- **DIRECTIONS**:
Transcribe the data exactly, stopping after the "Order: left to right." line.

(Dataset excerpts)
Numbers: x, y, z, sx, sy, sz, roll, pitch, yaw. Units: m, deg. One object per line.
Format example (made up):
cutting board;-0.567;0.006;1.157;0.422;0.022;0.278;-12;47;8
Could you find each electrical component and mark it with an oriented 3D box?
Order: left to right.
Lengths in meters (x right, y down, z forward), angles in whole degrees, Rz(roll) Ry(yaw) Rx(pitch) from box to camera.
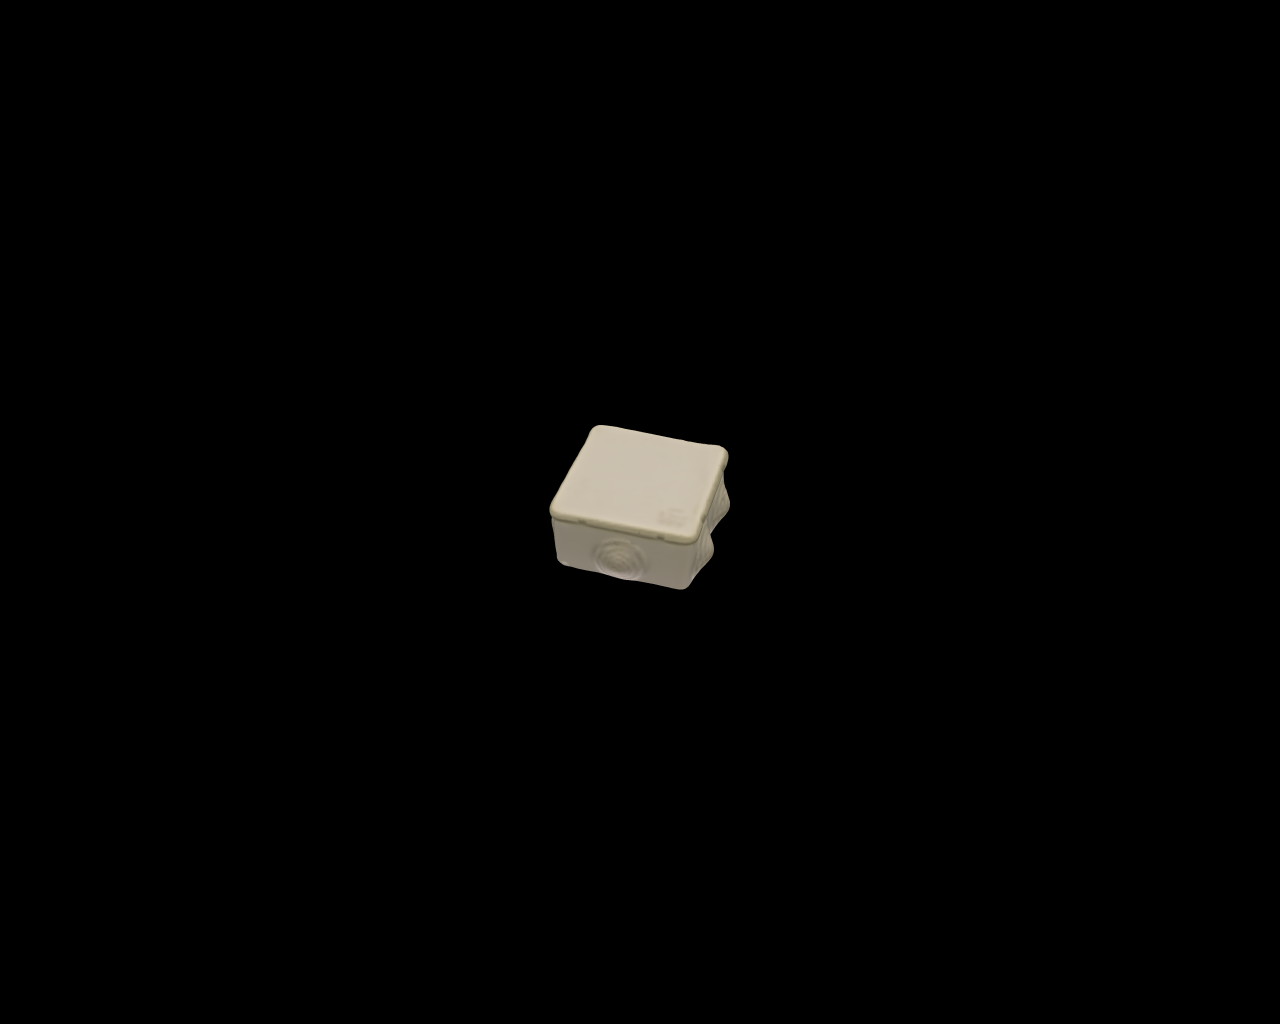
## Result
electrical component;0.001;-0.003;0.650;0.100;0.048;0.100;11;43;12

- **WRITTEN RESPONSE**:
Numbers: x, y, z, sx, sy, sz, roll, pitch, yaw. Units: m, deg. One object per line.
Format example (made up):
cutting board;-0.567;0.006;1.157;0.422;0.022;0.278;-12;47;8
Could you find each electrical component and mark it with an oriented 3D box?
Order: left to right.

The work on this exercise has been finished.